Quel type de calcul ?

A l’instar d’autres pays Européens, le calcul d’un impôt local unique doit porter sur la valeur totale du bien qui est définie par la superficie, le site et éventuellement les surfaces non bâties (une estimation doit être faite tous les 5 ans), avec un pourcentage servant de base de calcul qui serait par exemple de 0,015 jusqu’à 200 000 euros et de 0,002 supplémentaire par tranche de 50 000 euros

Ce qui signifie que pour un bien estimé à 200 000 euros x 0,015 le montant de base de l’impôt serait de 3000 euros par part fiscale de l'occupant du logement. Le montant de l’impôt local correspondrait à un pourcentage appliqué sur cette somme par les collectivités locales concernées (communes, intercommunalités, Départements, régions, syndicats intercommunaux), de la même manière que ce qui se fait actuellement. Sans préjuger d’une éventuelle majoration résidentielle pour lutter contre certaines dérives d’urbanisation intensive, ou des minorations solidarités suivant les revenus, l’impôt à payer, d’après cet exemple, ne devraient toutefois pas être inférieur à 18/ 20% d’un minimum social correspondant au montant du RSA, soit environ 80 à100 euros par part fiscale occupant un logement.

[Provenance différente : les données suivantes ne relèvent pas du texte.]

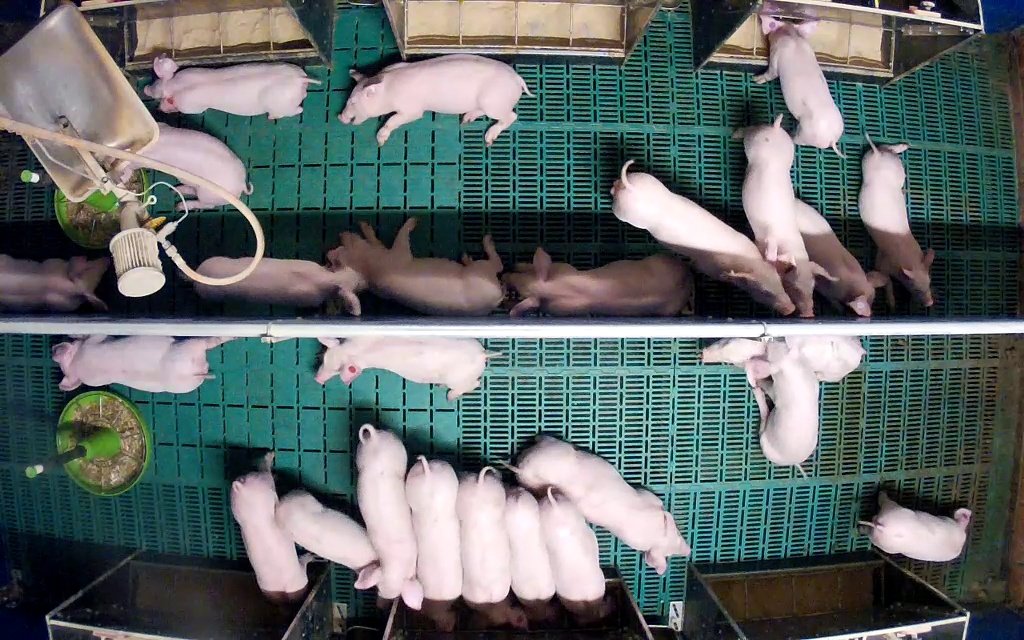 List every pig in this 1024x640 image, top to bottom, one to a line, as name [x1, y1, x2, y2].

pig [753, 12, 848, 159]
pig [142, 54, 321, 120]
pig [337, 54, 536, 146]
pig [731, 112, 838, 318]
pig [122, 122, 255, 210]
pig [860, 126, 934, 310]
pig [610, 159, 797, 317]
pig [792, 198, 887, 317]
pig [338, 216, 507, 315]
pig [504, 243, 690, 316]
pig [176, 245, 367, 318]
pig [0, 255, 111, 311]
pig [50, 335, 238, 393]
pig [311, 337, 504, 403]
pig [703, 337, 868, 384]
pig [743, 337, 818, 479]
pig [354, 424, 426, 615]
pig [498, 435, 691, 575]
pig [227, 451, 312, 601]
pig [405, 455, 464, 630]
pig [458, 467, 528, 632]
pig [539, 485, 612, 623]
pig [502, 486, 557, 625]
pig [272, 488, 391, 577]
pig [857, 490, 974, 562]

La taxe pour résidence secondaire laissée vacante depuis plus de 5 ans devrait toutefois être maintenue.

La redevance télé doit être exclue de l’impôt local.

Pour conclure

Les impôts locaux en France doivent cesser d’apparaître, tel « un furoncle au visage de la fiscalité locale Européenne ». Mais au contraire, par une réforme profonde, la France doit donner l’exemple avec une fiscalité locale, simplifiée, cohérente, juste et équitable, dont tous les citoyens doivent s’acquitter.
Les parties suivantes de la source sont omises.